Gross Fixed Capital Formation (GFCF):
a. Growth in H1 FY25: Slowed from 10.1% in H1 FY24 to 6.4% in H1 FY25.
b. Capital Expenditure: Slowed across different levels of government due to elections and weak private investment.
c. Residential Investment: Slowed in Q2 FY25, showing market normalization after a period of strong performance.
d. Green Shoots: Government spending on infrastructure increased by 8.2% in July – November 2024. RBI’s survey shows capacity utilization above the long-term average.
Trade and Remittances:
a. Merchandise Exports: Grew by 1.6% YoY in April – December 2024, with non-petroleum exports up by 7.1%.
b. Merchandise Imports: Rose by 5.2%, driven by non-oil, non-gold imports and gold imports.
c. Services Trade Surplus: Helped balance the overall trade deficit. India has the 7th-largest share in global services exports.
d. Remittances: India received the most money from abroad, driven by job creation in developed countries. (129 bn USD)
e. Current Account Deficit (CAD): Contained at 1.2% of GDP in Q2 FY 25.
Fiscal Management:
a. General Government Dis-savings: Better control has helped macro-stability.
b. Union Government: Improved fiscal discipline with a strong focus on capital expenditure.
c. State Finances: Tax revenue of the central government and states’ own tax revenue increased at a similar pace. Increased tax sharing by the central government improved the overall tax revenue position of state governments.
Inflation Trends:
d. Retail Headline Inflation: Dropped from 5.4% in FY24 to 4.9% in April – December 2024.
e. Core Inflation: Dropped by 0.9 percentage points between FY24 and April – December 2024.
f. Food Inflation: Increased from 7.5% in FY24 to 8.4% in FY25 (April-December), driven by vegetables and pulses.
- Financial Sector Prospects:
- Credit Disbursal: Growing strongly but has recently slowed.
- Stability Indicators: Declining bad loans, strong capital buffers, and good operational performance. Bad loans declined to a 12-year low of 2.6%.
- Capital-to-Risk-Weighted Assets Ratio (CRAR): Stands at 16.7% as of September 2024.
- Profitability: Banks’ profits surged by 22.2% YoY in H1 FY25.
- Labour Market:
- Unemployment Rate: Dropped from 6% in 2017-18 to 3.2% in 2023-24.

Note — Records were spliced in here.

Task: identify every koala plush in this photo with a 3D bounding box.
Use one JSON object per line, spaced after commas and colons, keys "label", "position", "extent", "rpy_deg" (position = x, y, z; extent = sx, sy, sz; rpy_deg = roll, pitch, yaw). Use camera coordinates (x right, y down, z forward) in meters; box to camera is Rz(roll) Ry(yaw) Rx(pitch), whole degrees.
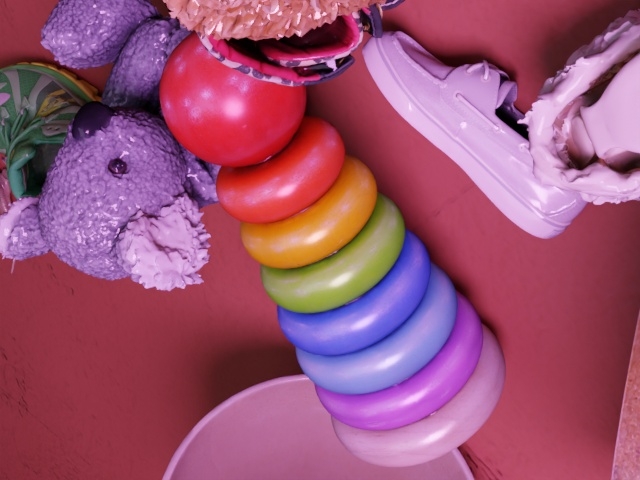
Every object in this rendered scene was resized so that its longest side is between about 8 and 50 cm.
{"label": "koala plush", "position": [-0.127, -0.057, 0.720], "extent": [0.196, 0.221, 0.203], "rpy_deg": [10, 141, 23]}

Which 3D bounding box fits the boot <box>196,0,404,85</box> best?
{"label": "boot", "position": [-0.006, -0.147, 0.550], "extent": [0.085, 0.236, 0.178], "rpy_deg": [-55, 46, 27]}

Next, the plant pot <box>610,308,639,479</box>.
{"label": "plant pot", "position": [0.290, 0.121, 0.482], "extent": [0.255, 0.237, 0.237], "rpy_deg": [7, 117, 25]}

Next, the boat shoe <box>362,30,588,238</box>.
{"label": "boat shoe", "position": [0.107, -0.083, 0.638], "extent": [0.184, 0.066, 0.063], "rpy_deg": [49, 122, 14]}

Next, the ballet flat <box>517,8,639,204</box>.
{"label": "ballet flat", "position": [0.260, -0.094, 0.424], "extent": [0.409, 0.147, 0.147], "rpy_deg": [-23, 95, 48]}

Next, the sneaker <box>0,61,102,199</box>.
{"label": "sneaker", "position": [-0.261, -0.095, 0.925], "extent": [0.296, 0.123, 0.109], "rpy_deg": [22, 126, 34]}

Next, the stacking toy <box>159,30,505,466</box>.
{"label": "stacking toy", "position": [0.000, 0.000, 0.650], "extent": [0.141, 0.141, 0.330], "rpy_deg": [-3, 130, 44]}

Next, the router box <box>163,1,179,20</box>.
{"label": "router box", "position": [-0.076, -0.209, 0.753], "extent": [0.122, 0.038, 0.092], "rpy_deg": [-25, 93, 47]}

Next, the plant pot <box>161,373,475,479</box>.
{"label": "plant pot", "position": [-0.008, 0.294, 0.844], "extent": [0.256, 0.256, 0.274], "rpy_deg": [39, 150, 21]}

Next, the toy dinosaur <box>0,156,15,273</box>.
{"label": "toy dinosaur", "position": [-0.375, -0.061, 1.115], "extent": [0.183, 0.053, 0.092], "rpy_deg": [59, 153, 12]}

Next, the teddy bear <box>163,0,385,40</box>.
{"label": "teddy bear", "position": [0.087, -0.182, 0.398], "extent": [0.338, 0.245, 0.113], "rpy_deg": [-3, 140, 0]}

- Labour Force Participation Rate (LFPR) and Worker-to-Population Ratio (WPR): Both increased.
- Formal Sector Growth: Net EPFO subscriptions more than doubled from 61 lakh in FY19 to 131 lakh in FY24.
- Technological Developments: AI integration offers chances to boost productivity and create jobs.
Outlook and Way Forward:
a. Growth Trajectory: Steady but varies by region. Services sector drives global growth.

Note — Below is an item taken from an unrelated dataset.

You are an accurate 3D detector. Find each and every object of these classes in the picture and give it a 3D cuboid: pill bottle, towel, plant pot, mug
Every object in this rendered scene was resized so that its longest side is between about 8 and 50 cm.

b. Inflationary Pressures: Easing globally but risks remain due to political issues.
c. Monetary Policies: More supportive but varies by region.
d. Domestic Outlook:
i. Rural Demand: Recovering, which is good for spending.
ii. Investment Activity: Expected to increase, supported by higher government spending and better business expectations.
iii. Food Inflation: Likely to ease in Q4 FY25 with seasonal drops in vegetable prices and crop arrivals.
iv. Growth Prospects: Expected growth in FY26 between 6.3% and 6.8%.
CONCLUSION
The global economic landscape in 2024 is characterized by moderate growth, influenced by geopolitical tensions, supply chain disruptions, and climate-related shocks. Advanced economies have shown resilience, while Asia faces challenges due to domestic issues and weak global demand. The services sector remains a bright spot, with manufacturing showing signs of recovery. Inflation is easing, but risks persist due to ongoing geopolitical tensions and commodity price volatility.